PONTIANAK POST – Kantor Wilayah Kementerian Hukum (Kanwil Kemenkum) Kalimantan Barat menyelesaikan proses harmonisasi Rancangan Peraturan Bupati (Raperbup) Mempawah tentang Tata Cara Pelaksanaan Pemungutan Retribusi Umum di Tepi Jalan Umum. Regulasi tersebut disiapkan sebagai pedoman untuk mewujudkan pengelolaan retribusi parkir yang lebih tertib, transparan, dan akuntabel.
Rapat pengharmonisasian, pembulatan, dan pemantapan konsepsi berlangsung di Ruang Rapat Edward Omar Kanwil Kemenkum Kalbar, Rabu (15/7). Kegiatan dihadiri Bagian Hukum Sekretariat Daerah Kabupaten Mempawah, Dinas Perhubungan dan Lingkungan Hidup Kabupaten Mempawah selaku pemrakarsa, perwakilan Biro Hukum Provinsi Kalimantan Barat, serta Tim Kelompok Kerja (Pokja) 4 Kanwil Kemenkum Kalbar.
Kepala Divisi Peraturan Perundang-undangan dan Pembinaan Hukum, Lanang Dwi Kurniawan, membuka rapat dengan menegaskan pentingnya Raperbup tersebut sebagai dasar hukum pelaksanaan pemungutan retribusi parkir di tepi jalan umum.
Menurutnya, pengaturan yang jelas diharapkan mampu memberikan kepastian hukum bagi pemerintah daerah maupun masyarakat, meningkatkan kualitas pelayanan publik, mengoptimalkan Pendapatan Asli Daerah (PAD), serta mendorong tata kelola retribusi yang sesuai dengan ketentuan peraturan perundang-undangan.
Dalam rapat tersebut, Dinas Perhubungan dan Lingkungan Hidup Kabupaten Mempawah menjelaskan bahwa penyusunan Raperbup merupakan tindak lanjut atas ketentuan mengenai pajak daerah dan retribusi daerah.
Regulasi ini akan menjadi pedoman bagi perangkat daerah dalam melaksanakan pemungutan retribusi secara tertib, mulai dari penetapan objek dan subjek retribusi, mekanisme pembayaran, penagihan, hingga pengawasan.
Selain mendukung peningkatan PAD, aturan tersebut juga diharapkan dapat memperbaiki kualitas layanan parkir, menciptakan ketertiban lalu lintas, serta meminimalkan potensi penyimpangan dalam proses pemungutan retribusi.
Kepala Kanwil Kemenkum Kalbar, Jonny Pesta Simamora, menegaskan bahwa regulasi yang disusun secara harmonis akan memberikan kepastian hukum sekaligus meningkatkan kepercayaan masyarakat terhadap pengelolaan keuangan daerah.
"Regulasi tata cara pemungutan retribusi parkir tepi jalan yang jelas bukan hanya mengoptimalkan pendapatan asli daerah, tetapi juga melindungi masyarakat dari praktik pemungutan yang tidak sesuai ketentuan.
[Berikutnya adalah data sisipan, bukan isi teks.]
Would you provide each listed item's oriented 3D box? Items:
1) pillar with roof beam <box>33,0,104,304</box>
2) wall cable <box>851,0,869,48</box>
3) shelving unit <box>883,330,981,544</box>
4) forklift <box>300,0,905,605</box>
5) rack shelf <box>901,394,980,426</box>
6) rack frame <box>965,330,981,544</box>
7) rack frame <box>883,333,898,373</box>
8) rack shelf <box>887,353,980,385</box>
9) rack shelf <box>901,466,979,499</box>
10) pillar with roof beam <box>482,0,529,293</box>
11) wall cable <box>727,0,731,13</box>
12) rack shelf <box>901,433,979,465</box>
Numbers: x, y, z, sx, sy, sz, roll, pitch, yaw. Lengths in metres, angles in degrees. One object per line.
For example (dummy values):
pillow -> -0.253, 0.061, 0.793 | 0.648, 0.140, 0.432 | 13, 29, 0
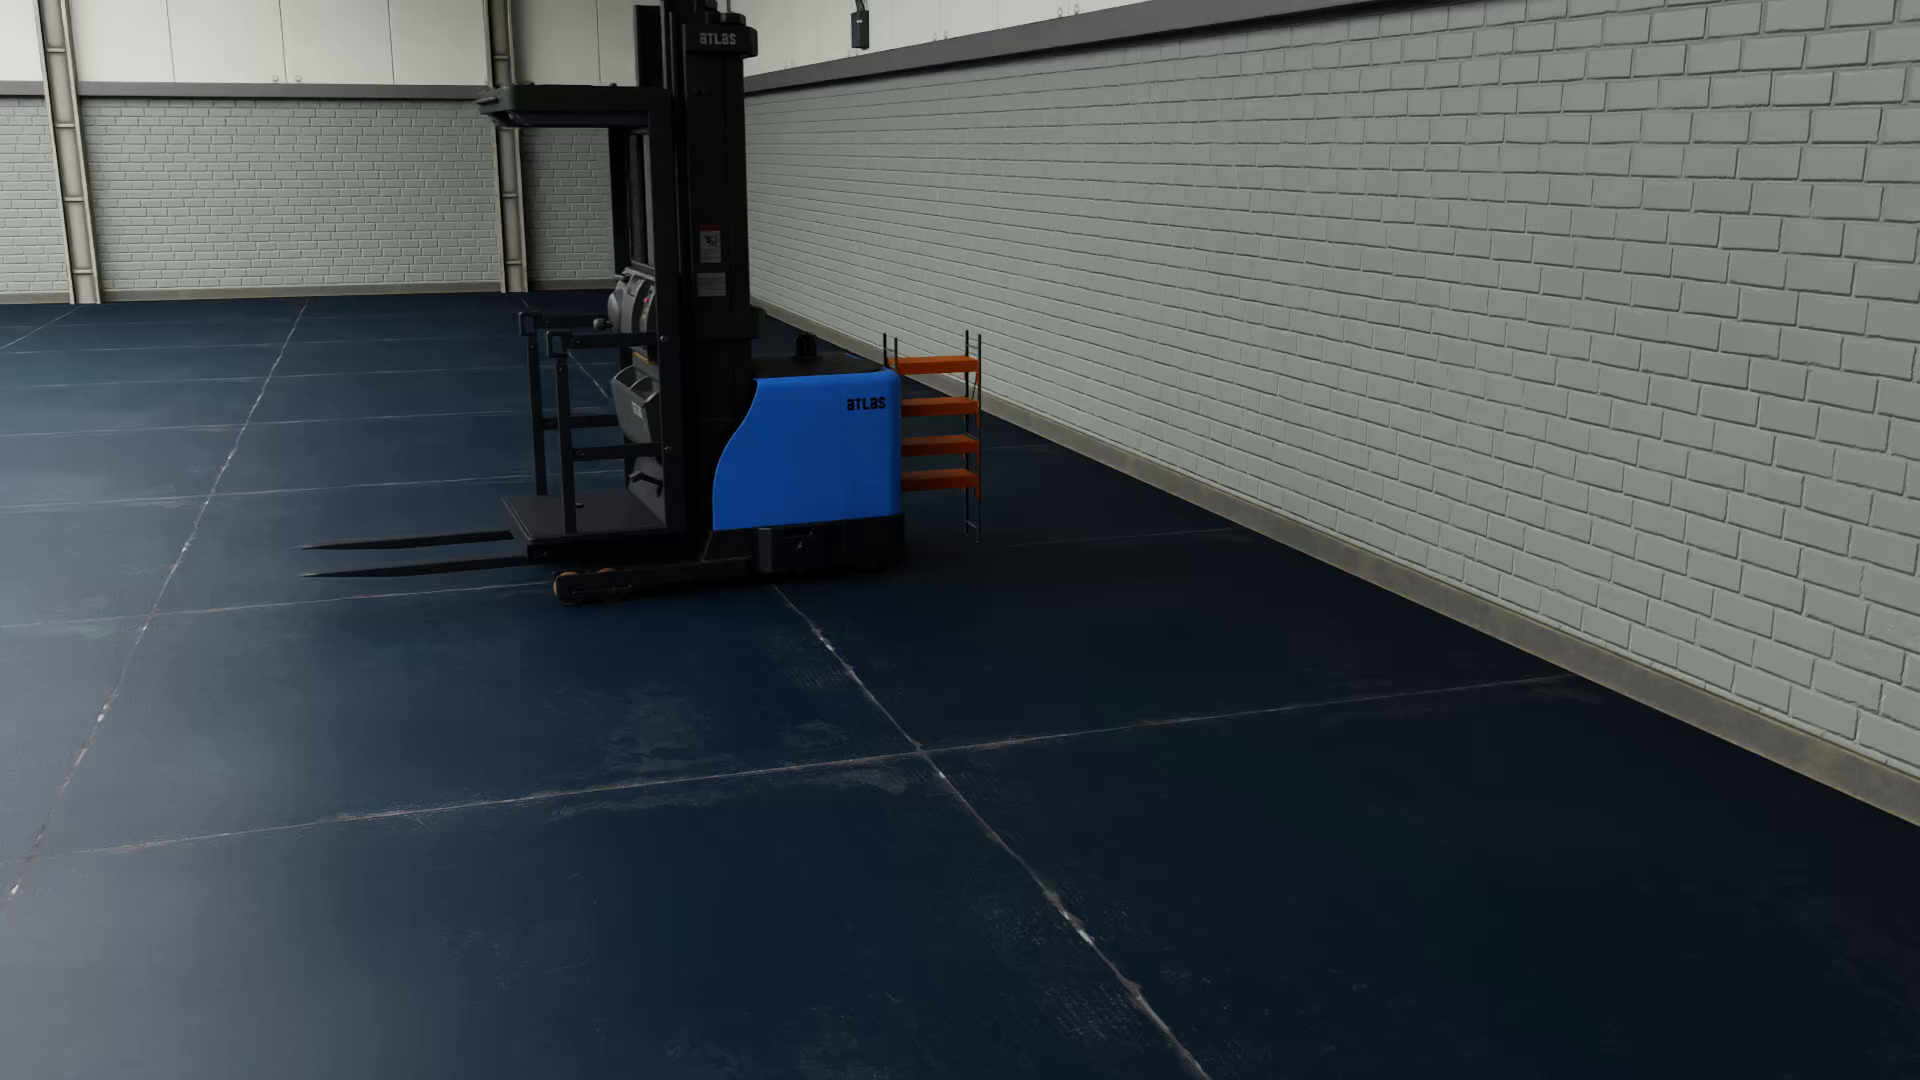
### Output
pillar with roof beam -> -11.259, -6.866, 19.062 | 0.400, 9.000, 9.100 | -4, 14, -18
wall cable -> -0.719, -7.752, 15.436 | 0.169, 6.003, 2.305 | -4, 14, -18
shelving unit -> -0.157, -0.572, 9.453 | 0.503, 1.200, 0.258 | -4, 14, -18
forklift -> -1.868, -1.241, 8.524 | 3.031, 2.935, 1.130 | -5, 14, -21
rack shelf -> -0.157, -0.724, 9.416 | 0.480, 0.148, 0.258 | -4, 14, -18
rack frame -> 0.074, -0.590, 9.528 | 0.015, 1.200, 0.240 | -4, 14, -18
rack frame -> -0.388, -0.553, 9.377 | 0.015, 1.200, 0.240 | -4, 14, -18
rack shelf -> -0.157, -0.954, 9.362 | 0.480, 0.148, 0.258 | -4, 14, -18
rack shelf -> -0.157, -0.313, 9.514 | 0.480, 0.148, 0.258 | -4, 14, -18
pillar with roof beam -> -5.573, -7.309, 20.923 | 0.400, 9.000, 9.100 | -4, 14, -18
wall cable -> -3.732, -6.670, 24.947 | 0.112, 2.526, 3.097 | -4, 14, -18
rack shelf -> -0.157, -0.506, 9.468 | 0.480, 0.148, 0.258 | -4, 14, -18
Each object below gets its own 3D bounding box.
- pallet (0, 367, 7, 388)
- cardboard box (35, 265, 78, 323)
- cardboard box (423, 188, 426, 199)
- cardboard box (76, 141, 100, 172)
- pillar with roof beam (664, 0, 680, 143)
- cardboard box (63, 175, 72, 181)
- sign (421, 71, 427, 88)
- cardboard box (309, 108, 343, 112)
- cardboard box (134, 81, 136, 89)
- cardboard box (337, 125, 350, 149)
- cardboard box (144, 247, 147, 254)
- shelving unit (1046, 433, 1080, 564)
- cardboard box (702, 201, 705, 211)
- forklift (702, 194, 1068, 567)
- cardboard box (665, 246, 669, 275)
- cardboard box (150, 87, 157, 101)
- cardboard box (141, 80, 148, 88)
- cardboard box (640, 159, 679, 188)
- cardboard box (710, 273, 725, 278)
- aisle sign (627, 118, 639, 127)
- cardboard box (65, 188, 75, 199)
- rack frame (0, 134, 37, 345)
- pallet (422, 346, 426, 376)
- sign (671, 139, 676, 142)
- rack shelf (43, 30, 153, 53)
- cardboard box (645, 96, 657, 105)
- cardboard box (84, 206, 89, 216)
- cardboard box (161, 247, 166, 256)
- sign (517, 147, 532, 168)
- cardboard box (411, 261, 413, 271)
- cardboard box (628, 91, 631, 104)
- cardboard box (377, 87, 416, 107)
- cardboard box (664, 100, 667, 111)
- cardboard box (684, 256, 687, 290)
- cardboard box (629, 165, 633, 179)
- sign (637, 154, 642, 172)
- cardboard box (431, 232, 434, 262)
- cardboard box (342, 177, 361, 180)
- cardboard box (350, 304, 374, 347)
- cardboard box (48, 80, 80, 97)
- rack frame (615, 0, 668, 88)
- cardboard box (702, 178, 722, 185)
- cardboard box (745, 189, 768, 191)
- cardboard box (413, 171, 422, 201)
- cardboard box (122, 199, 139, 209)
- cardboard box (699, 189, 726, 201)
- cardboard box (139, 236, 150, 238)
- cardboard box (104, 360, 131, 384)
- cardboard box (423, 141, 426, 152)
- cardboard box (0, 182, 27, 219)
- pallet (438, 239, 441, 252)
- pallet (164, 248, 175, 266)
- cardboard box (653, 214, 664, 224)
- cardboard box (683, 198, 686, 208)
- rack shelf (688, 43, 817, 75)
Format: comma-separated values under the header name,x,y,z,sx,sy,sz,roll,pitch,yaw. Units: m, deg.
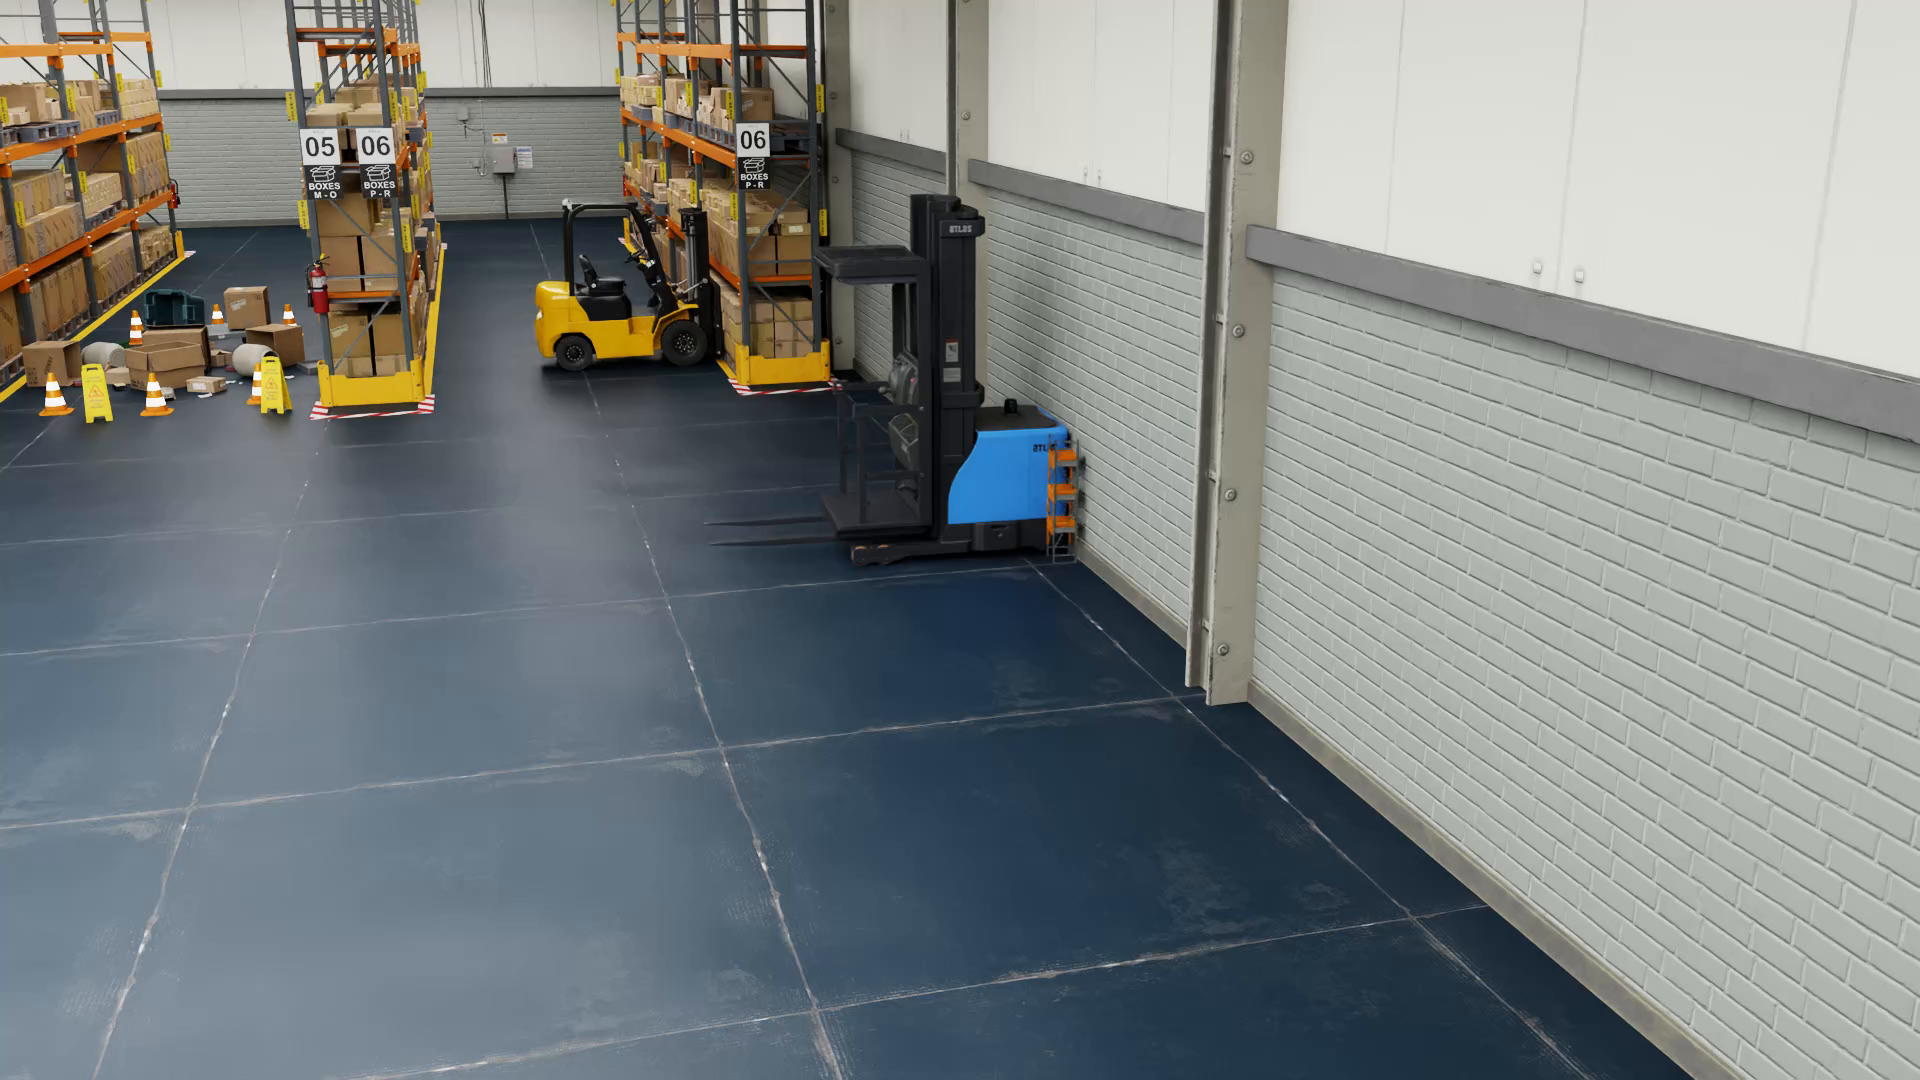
name,x,y,z,sx,sy,sz,roll,pitch,yaw
pallet,-12.385,-1.881,20.348,1.003,0.211,1.213,-5,17,-15
cardboard box,-13.632,-3.584,24.351,1.050,0.750,0.750,-4,17,-14
cardboard box,-9.520,-6.048,28.763,0.500,0.250,0.500,-4,17,-14
cardboard box,-15.445,-6.762,29.321,0.500,0.500,0.500,-5,18,-17
pillar with roof beam,-10.666,-11.253,36.273,9.100,9.000,0.400,-5,17,-15
cardboard box,-15.307,-6.128,28.311,0.380,0.149,0.250,-4,17,-14
sign,-10.898,-9.372,33.822,0.100,0.325,0.005,-5,17,-15
cardboard box,-7.857,-5.274,20.633,0.380,0.149,0.250,-4,17,-14
cardboard box,-15.303,-8.318,30.413,0.380,0.149,0.250,-5,17,-17
cardboard box,-7.426,-4.712,19.453,0.500,0.250,0.500,-5,17,-16
cardboard box,-15.177,-5.290,30.559,0.380,0.149,0.250,-6,18,-18
shelving unit,0.850,-0.342,13.758,0.215,1.050,0.252,-2,16,-9
cardboard box,-3.520,-4.834,24.029,0.380,0.149,0.250,-5,17,-16
forklift,-0.655,-1.350,13.853,3.031,2.935,1.130,-4,17,-13
cardboard box,-4.904,-4.934,29.278,0.500,0.500,0.500,-5,17,-16
cardboard box,-15.784,-8.588,32.005,0.500,0.250,0.500,-5,18,-17
cardboard box,-15.560,-8.606,31.372,0.380,0.149,0.250,-4,17,-14
cardboard box,-5.635,-6.895,31.287,0.700,0.500,0.500,-4,17,-14
cardboard box,-3.392,-3.646,23.689,0.500,0.250,0.500,-5,17,-15
aisle sign,-6.953,-9.144,35.161,0.394,0.787,0.004,-5,17,-15
cardboard box,-13.899,-5.388,25.848,0.380,0.149,0.250,-5,17,-15
rack frame,-12.857,-3.771,21.793,1.000,3.000,0.127,-5,17,-15
pallet,-7.568,-2.334,21.856,1.003,0.211,1.213,-5,17,-15
sign,-6.113,-8.648,35.465,0.100,0.325,0.005,-5,17,-15
rack shelf,-15.606,-9.065,30.243,1.077,0.370,4.000,-5,17,-15
cardboard box,-5.406,-7.825,29.607,0.380,0.149,0.250,-4,17,-14
cardboard box,-13.959,-5.173,26.165,0.380,0.149,0.250,-4,17,-13
cardboard box,-15.441,-5.521,31.845,0.380,0.149,0.250,-6,18,-18
sign,-10.518,-9.244,40.179,0.329,0.494,0.001,-5,17,-15
cardboard box,-7.315,-3.583,21.604,0.380,0.149,0.250,-5,17,-15
cardboard box,-6.340,-8.844,33.209,0.500,0.250,0.500,-5,17,-16
cardboard box,-8.048,-6.326,23.747,0.500,0.250,0.500,-5,17,-16
cardboard box,-4.650,-7.144,27.309,0.380,0.166,0.250,-5,17,-15
cardboard box,-3.923,-4.215,26.666,0.875,0.625,0.625,-5,18,-18
cardboard box,-6.505,-7.548,34.109,0.500,0.250,0.500,-5,17,-16
sign,-6.072,-7.167,31.592,0.100,0.325,0.005,-5,17,-15
cardboard box,-10.077,-5.422,30.251,0.875,0.875,0.875,-4,17,-14
cardboard box,-7.982,-4.437,21.580,0.700,0.500,0.500,-5,17,-16
cardboard box,-7.644,-2.673,20.882,0.500,0.500,0.500,-4,17,-13
cardboard box,-14.053,-7.073,26.065,0.396,0.266,0.258,-5,17,-15
rack frame,-6.652,-10.777,34.686,1.000,3.000,0.127,-5,17,-15
cardboard box,-4.170,-5.975,27.829,0.380,0.149,0.250,-4,17,-13
cardboard box,-2.947,-4.948,23.892,0.380,0.149,0.250,-5,17,-17
cardboard box,-8.833,-5.585,26.410,0.500,0.500,0.500,-5,17,-17
cardboard box,-14.819,-5.968,29.543,0.380,0.149,0.250,-4,17,-13
cardboard box,-3.552,-4.974,23.977,0.380,0.149,0.250,-4,17,-14
cardboard box,-15.326,-5.580,31.004,0.380,0.149,0.250,-5,18,-18
cardboard box,-10.614,-2.132,21.089,0.396,0.266,0.258,-2,17,-6
cardboard box,-10.485,-7.364,31.842,0.500,0.500,0.500,-4,17,-14
cardboard box,-13.143,-4.577,22.564,0.700,0.500,0.500,-5,17,-16
pallet,-11.129,-5.959,33.925,1.003,0.211,1.213,-5,17,-15
pallet,-15.945,-5.507,32.417,1.003,0.211,1.213,-5,17,-15
cardboard box,-5.592,-6.066,31.402,0.380,0.149,0.250,-6,18,-18
cardboard box,-4.018,-5.151,25.778,0.500,0.250,0.500,-4,17,-14
rack shelf,-2.805,-6.368,21.955,1.077,0.370,4.000,-5,17,-15

Kanwil Kemenkum Kalbar memastikan regulasi ini disusun dengan cermat dan harmonis, sehingga setiap rupiah retribusi yang dipungut benar-benar berlandaskan hukum yang kuat dan berdampak positif bagi pembangunan Kabupaten Mempawah," tegas Jonny.
Pembahasan teknis dipimpin Tim Pokja 4 yang diketuai Dono Doto Wasono. Tim melakukan penelaahan menyeluruh terhadap rancangan peraturan, mulai dari aspek substansi hingga teknik penyusunan sesuai ketentuan pembentukan peraturan perundang-undangan.
Sejumlah bagian yang memerlukan penyempurnaan teknik penyusunan telah diidentifikasi dan disepakati untuk diperbaiki selama proses harmonisasi.
Berdasarkan hasil rapat, Raperbup Mempawah tentang Tata Cara Pelaksanaan Pemungutan Retribusi Umum di Tepi Jalan Umum dinyatakan selesai diharmonisasi.
Selanjutnya, Kanwil Kemenkum Kalbar akan menerbitkan Surat Selesai Harmonisasi sebagai dasar bagi Pemerintah Kabupaten Mempawah untuk melanjutkan proses penetapan peraturan tersebut sebelum diberlakukan. Regulasi ini diharapkan menjadi landasan dalam menciptakan sistem pemungutan retribusi parkir yang lebih tertib, transparan, akuntabel, dan mendukung peningkatan pelayanan kepada masyarakat.